Nearly 600 priests, lay people have been publicly named in Pa. sex abuse scandal

JOHNSTOWN (PA)
Tribune Democrat

August 13, 2019

By Nicole C. Brambila

The 2018 grand jury identified 301 priests who had sexually assaulted and abused hundreds of children over the past several decades. As large as that number is, the true scope is much higher.

Last year’s grand jury report has been the largest in scale, covering six of the state’s eight dioceses — including the ones based in Greensburg and Pittsburgh — and identifying 1,000 victims. But it was just the latest in a string of Pennsylvania investigations dating back 15 years.

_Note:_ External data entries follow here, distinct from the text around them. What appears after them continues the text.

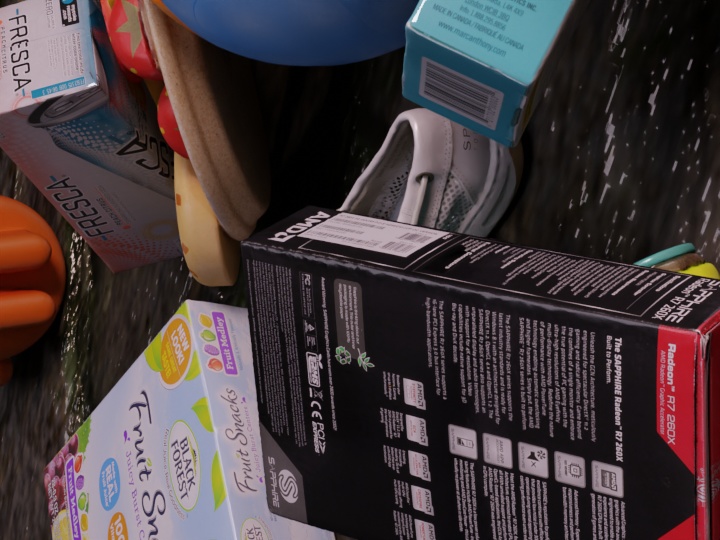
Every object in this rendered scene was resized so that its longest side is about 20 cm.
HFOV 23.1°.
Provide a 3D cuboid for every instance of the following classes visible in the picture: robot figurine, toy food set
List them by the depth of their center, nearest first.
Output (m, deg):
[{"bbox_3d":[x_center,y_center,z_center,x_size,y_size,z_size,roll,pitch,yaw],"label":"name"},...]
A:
[{"bbox_3d":[-0.092,-0.107,0.922,0.200,0.049,0.198,68,-171,-50],"label":"toy food set"},{"bbox_3d":[-0.279,0.002,1.217,0.117,0.144,0.200,-48,28,-18],"label":"robot figurine"}]

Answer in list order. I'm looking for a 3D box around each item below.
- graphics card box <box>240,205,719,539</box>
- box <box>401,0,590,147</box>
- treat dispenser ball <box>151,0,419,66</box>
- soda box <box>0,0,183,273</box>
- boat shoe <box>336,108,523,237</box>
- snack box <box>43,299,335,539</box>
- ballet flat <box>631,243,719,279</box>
[{"bbox_3d":[0.049,0.053,0.666,0.200,0.051,0.126,10,117,34],"label":"graphics card box"},{"bbox_3d":[0.080,-0.150,0.639,0.200,0.049,0.082,-63,-5,-10],"label":"box"},{"bbox_3d":[-0.023,-0.191,0.776,0.201,0.201,0.201,-14,73,55],"label":"treat dispenser ball"},{"bbox_3d":[-0.140,-0.070,0.953,0.068,0.200,0.064,-15,65,8],"label":"soda box"},{"bbox_3d":[0.000,0.000,0.829,0.200,0.069,0.071,-62,40,31],"label":"boat shoe"},{"bbox_3d":[-0.098,0.139,0.960,0.200,0.068,0.169,-46,48,41],"label":"snack box"},{"bbox_3d":[0.074,0.047,0.719,0.200,0.067,0.067,-25,86,51],"label":"ballet flat"}]

Following the explosive investigation of the Boston Archdiocese, former Philadelphia District Attorney Lynn Abraham sat a grand jury in 2003 that produced two reports on priest sex abuse in the Archdiocese of Philadelphia. Her successor, Seth Williams, followed up with his own grand jury report in 2011.

In 2016, former state Attorney General Kathleen Kane uncovered hundreds of child sex abuse cases in the Altoona-Johnstown Diocese, naming roughly 50 abusers.

Each of the reports identified a systemic cover-up of priests who sexually abused children.

Since the 2018 investigation, Pennsylvania’s dioceses and religious orders — including the Jesuits and the Benedictines at Saint Vincent Archabbey in Unity — have released their own lists. Catholic dioceses across the U.S. also have followed suit with lists of publicly accused clergy and lay people.